Task statement: Look through the material below and return every line that contains "degrees".

Materials provided:

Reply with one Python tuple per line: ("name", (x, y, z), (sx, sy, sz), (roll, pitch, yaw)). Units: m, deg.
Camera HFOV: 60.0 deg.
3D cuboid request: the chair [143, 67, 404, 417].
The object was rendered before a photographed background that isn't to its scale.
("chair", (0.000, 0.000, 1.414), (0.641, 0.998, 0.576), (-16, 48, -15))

* * *

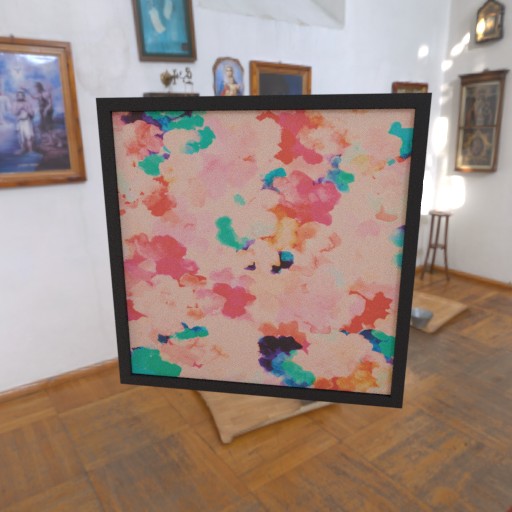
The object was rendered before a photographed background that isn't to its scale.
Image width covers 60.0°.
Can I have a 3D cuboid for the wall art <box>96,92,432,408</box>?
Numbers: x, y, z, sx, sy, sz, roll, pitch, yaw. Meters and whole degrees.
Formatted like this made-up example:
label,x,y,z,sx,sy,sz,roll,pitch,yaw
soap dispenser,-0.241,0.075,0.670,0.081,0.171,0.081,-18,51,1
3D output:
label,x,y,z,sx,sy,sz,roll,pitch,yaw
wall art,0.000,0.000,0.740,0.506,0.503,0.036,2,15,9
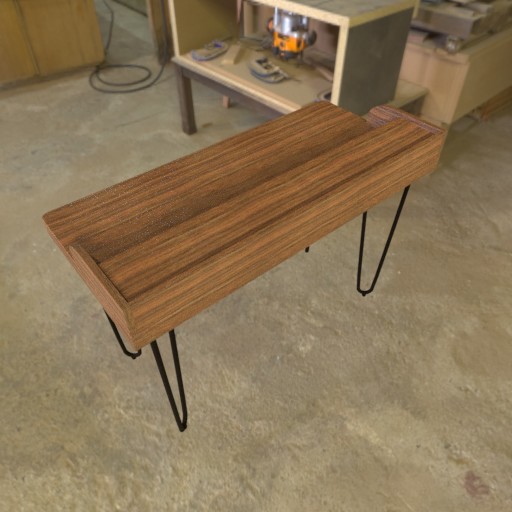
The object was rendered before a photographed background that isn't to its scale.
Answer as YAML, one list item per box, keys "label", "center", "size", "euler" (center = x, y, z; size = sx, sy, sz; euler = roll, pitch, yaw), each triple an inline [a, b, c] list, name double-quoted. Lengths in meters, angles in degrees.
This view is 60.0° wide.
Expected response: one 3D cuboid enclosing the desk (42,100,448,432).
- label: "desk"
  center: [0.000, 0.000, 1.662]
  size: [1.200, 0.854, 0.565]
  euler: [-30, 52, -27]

* * *

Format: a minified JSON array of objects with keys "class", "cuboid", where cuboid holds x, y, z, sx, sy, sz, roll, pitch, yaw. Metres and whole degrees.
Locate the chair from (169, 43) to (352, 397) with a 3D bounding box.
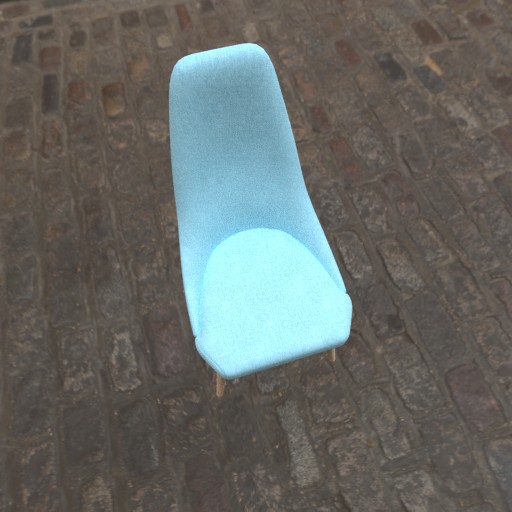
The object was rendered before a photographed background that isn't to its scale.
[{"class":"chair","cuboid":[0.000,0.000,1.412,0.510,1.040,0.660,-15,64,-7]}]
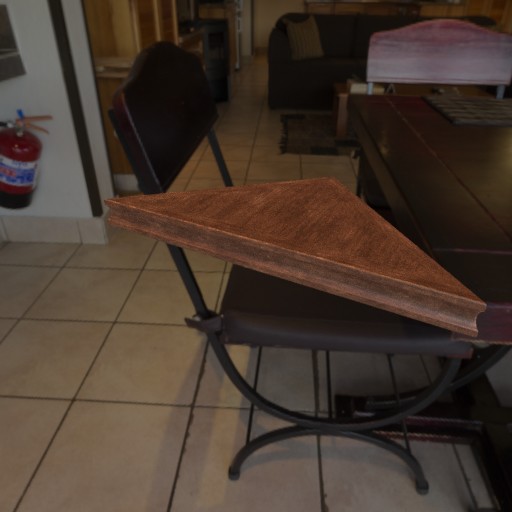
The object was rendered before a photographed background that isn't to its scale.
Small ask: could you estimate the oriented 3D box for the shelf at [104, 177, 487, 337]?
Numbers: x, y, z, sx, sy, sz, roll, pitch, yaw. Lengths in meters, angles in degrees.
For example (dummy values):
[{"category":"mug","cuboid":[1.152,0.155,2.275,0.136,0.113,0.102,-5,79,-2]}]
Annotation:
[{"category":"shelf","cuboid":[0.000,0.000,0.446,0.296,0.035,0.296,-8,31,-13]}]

Result:
Numbers: x, y, z, sx, sy, sz, roll, pitch, yaw. Meters and whole degrees.
Answer as YAML, one list item per box, keys "label", "center", "size", "euler" (center = x, y, z; size = sx, sy, sz; euler = roll, pitch, yaw), each triple an inline [a, b, c] list, name double-quoted. Lengths in meters, angles in degrees.
Format: a minified JSON array of objects with keys "class", "cuboid", where cuboid holds x, y, z, sx, sy, sz, roll, pitch, yaw. Metres and whole degrees.
Numbers: x, y, z, sx, sy, sz, roll, pitch, yaw. Lengths in meters, angles in degrees.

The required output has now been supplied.